Hinge Hardware for a Pivoting Round Window

A discussion on finding replacement mounting hardware for a restored round window that has to pivot in at the top, out at the bottom. November 2, 2010

Question
I am bidding a job which calls for an operating round window, sash size +/- 26", and jamb about 7" deep. I need a source for the pivoting hardware and what was typically used for latch and weather stripping. I don't know if I can get the old stuff as the firemen ran roughshod through this building. I have to replace a 3'4" x 7'6" 2 1/4 " front door also. All was done in chestnut. This is because the low bid ($3500.00 as opposed to $20,000.00). If anyone has a handle on the stuff I need for the round I would appreciate it.

Forum Responses
(Architectural Woodworking Forum)
From Gary Katz, forum technical advisor:
I'm not sure I understand. Is it really pivot hardware you're looking for? That would pose a problem with the swing on the sash hitting the stop on the jamb, unless it's an offset pivot. It would also create a weather stripping dilemma. An offset pivot wouldn't. Most older casement sashes are swing on butt hinges, which work on radius sashes, too. Do you have drawings/specs/photos?



From the original questioner:
The sash pivots at the horizontal plane. It tilts in at the top and out at the bottom about 15- 20 degrees. There is a stop at the top and I assume a latch at the bottom. There is probably a casement type throw like on an old school casement window, hinges and stays, works like a door. I am not too worried about the weather stripping as I can use a new style flanged tube seal routed into the sash or jamb. I’m just looking for a pivot hinge that will work around the window.


From contributor D:
The only time I built one of these I re-used the existing pivots - a simple affair consisting of a long pin through one sleeve and into another sleeve. A small catch was used at center bottom to latch it closed. This was a lot like some interior transom hardware I have seen.

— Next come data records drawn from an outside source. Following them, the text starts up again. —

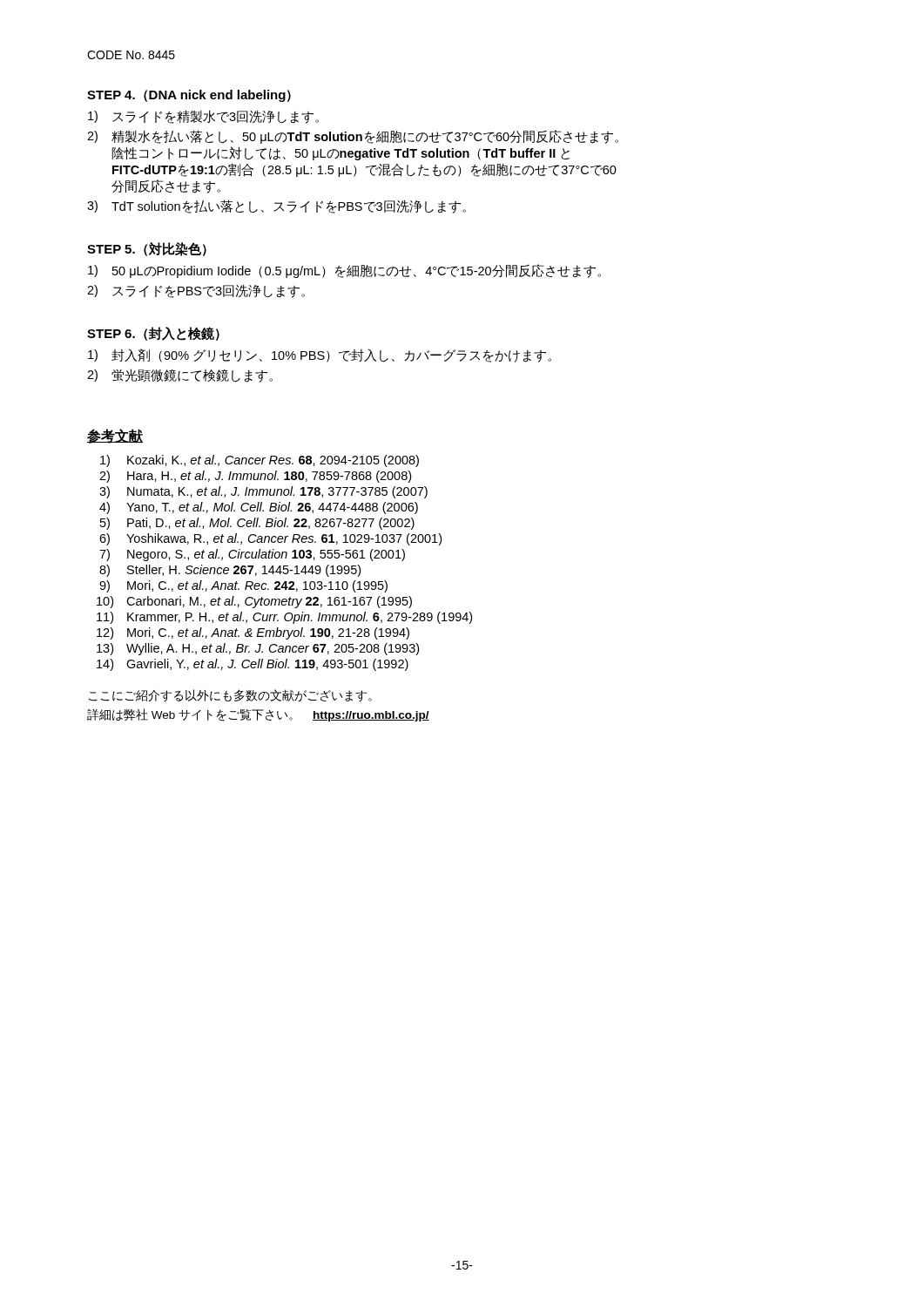
Task: Select the list item with the text "4) Yano, T., et"
Action: tap(257, 507)
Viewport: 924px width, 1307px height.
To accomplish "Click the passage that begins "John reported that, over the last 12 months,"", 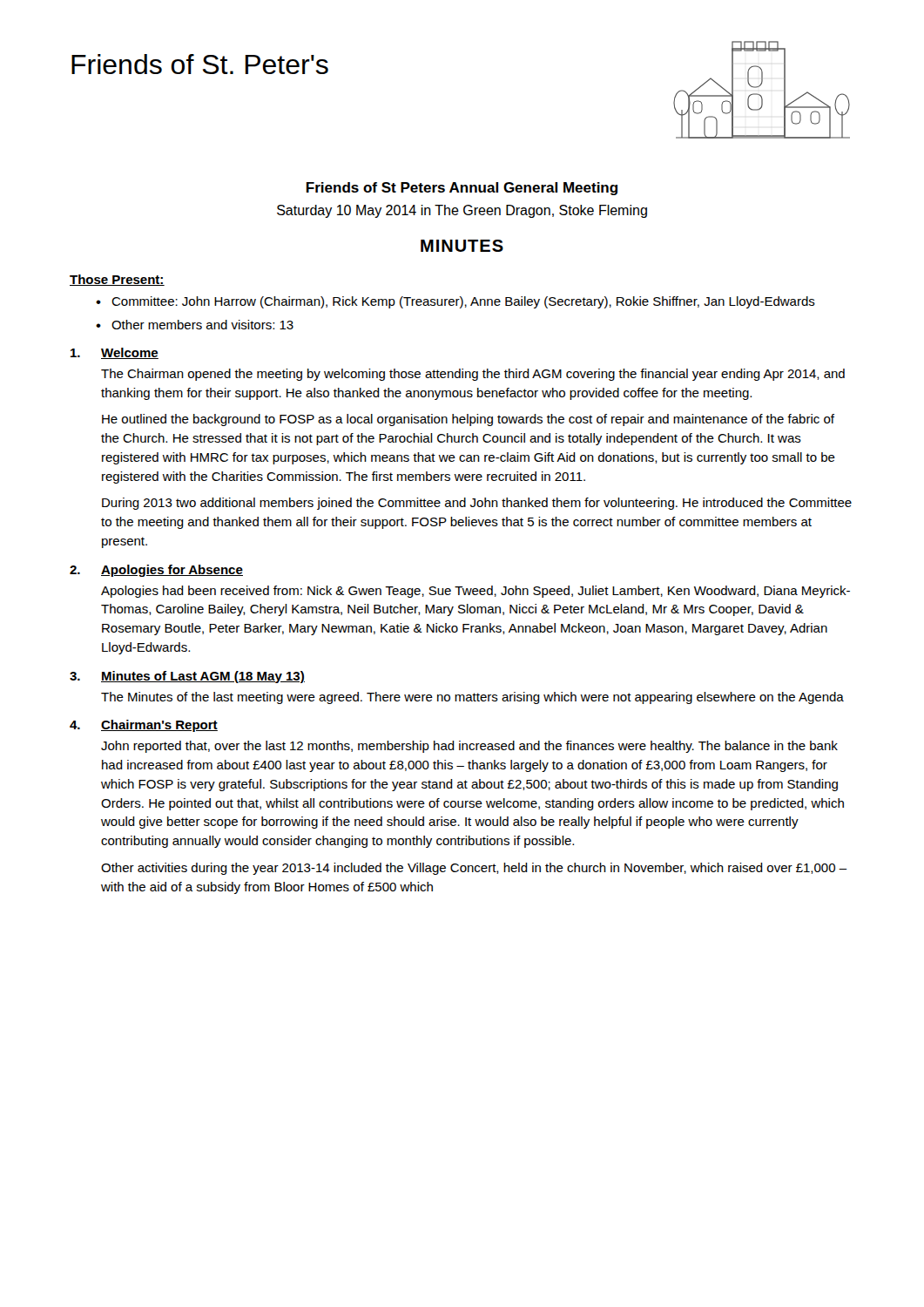I will [x=473, y=793].
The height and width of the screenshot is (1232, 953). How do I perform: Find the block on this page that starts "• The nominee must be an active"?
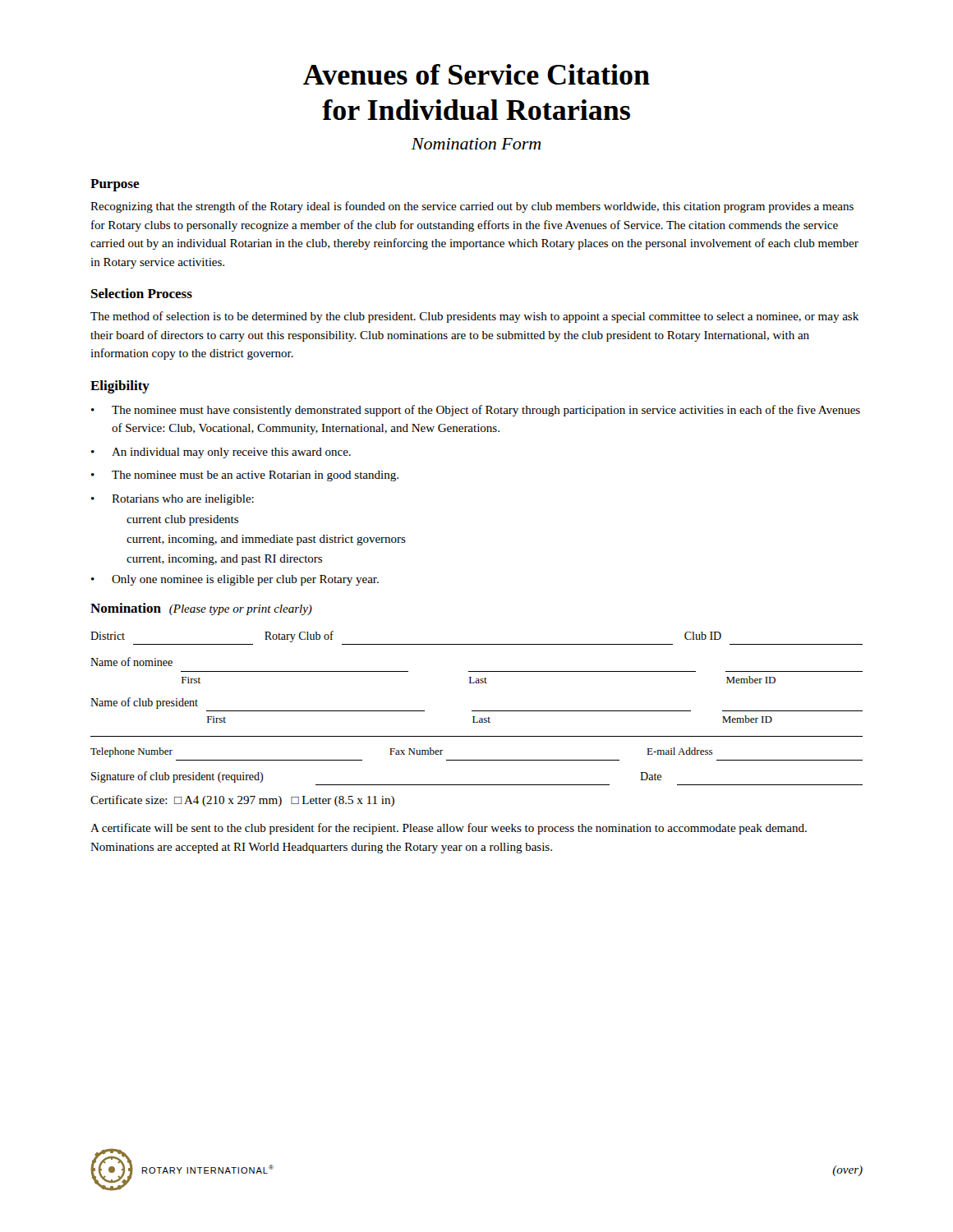click(245, 475)
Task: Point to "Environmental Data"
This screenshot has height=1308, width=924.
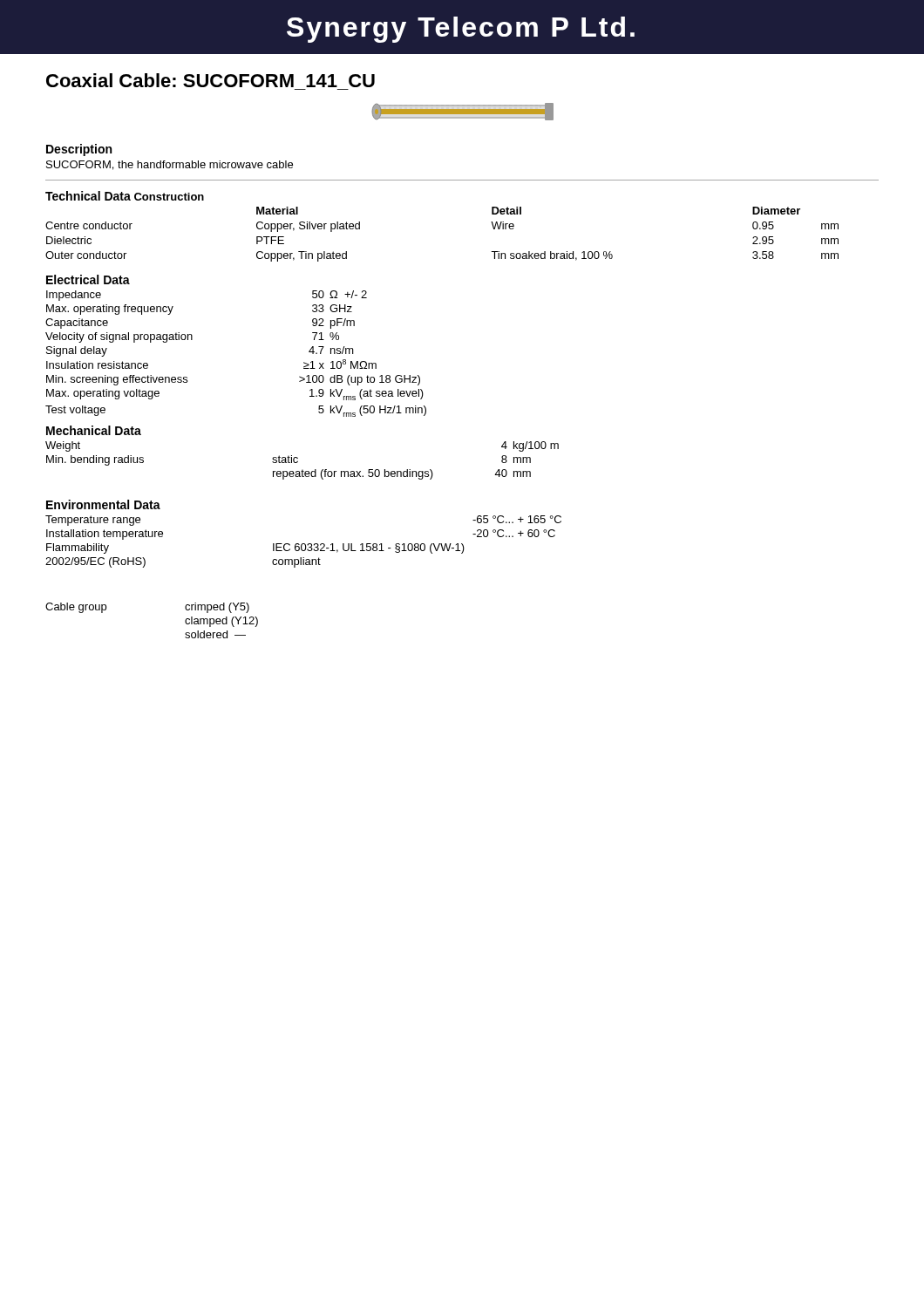Action: 103,504

The weather strip was spring bronze. The upper stop was on the outside, ran 180 degrees, and covered the sash/frame joint, and the inner stop was located on the lower half, 180 degrees again. Each stop was actually just under 180 degrees, and allowed the sash to rotate 90 degrees. No screen or storm sash.

Another design I'm familiar with used a rotating round sash that had a half round (divided) glass panel in one half, and open in the other half. This was set in a frame with a fixed half sash (divided glass again) in the upper half. The lower, inner sash could rotate 180 degrees to provide a 180 degree open window. No hardware or weather strip was used. The rotation was the same plane as the wall, whereas the first example has rotation 90 degrees to the wall.



From the original questioner:
The first you describe is the same as what I need, as to the inner stop. Was that set flush to the inner edge of the jamb, thus pushing the actual sash outwards to the thickness of the stop? I don't think the old unit is still available to scavenge the pivots from. Also was there any way to access the hinge after unit was installed?


From contributor M:
I use a hinge from G-U Hardware. As far as weather stripping, I use the two sets of stops like Contributor D. One set is mounted to the exterior and one to the interior with a kerf in bulb on the sash edge.


From contributor M:
Whoops, I didn't mean the stops were interior and exterior. The stops go to oneside with a set top and bottom. One set of stops fixes to the sash and the other fixes to the jamb.


From contributor H:
Unless you are trying to do a reproduction pivot hinge you can use most any cup/pin combination that will allow the pivot. Only problem here is that the cup pockets are in the sash and the pins would be inserted through the outside of the jamb making removal of the sash after installation of the window impossible. I've always loved round operating windows.


From contributor D:
The pivots were brass. Two sleeves, one through the sash and the other in the frame. Both sleeves had a small flange. The pivots were much like a scaffold nail - two headed, and about 3/16" diameter brass, pointed on one end. They were driven into the frame through the sash sleeve, and left a 1/4" headed protrusion for later removal as needed. Pull the pins and the sash popped out - fairly primitive. The sash sleeve went into the Ogee sash sticking on the interior side of the glass (single glazed, with glazing compound to the exterior - old style). The sash was divided with a square light in the center, four 90 degree corner lights and four lights with one curved edge at the four sides - the muntin bars did not hit the sash at the 180 degree horizontals. I have seen pie shaped lights where this would be the case, but was not able to inspect to see how they were dealt with.

If I recall, the lower inner stop was flush with the interior face of the jamb, and the sash was rabbeted. The lower edge of the sash had a strong bevel, and the stop hid this. The same with the upper edge of the sash - strong bevel to allow clearance for weather strip when pivoted. The outer stop was proud of the exterior jamb line, and beveled on the upper edge to shed water.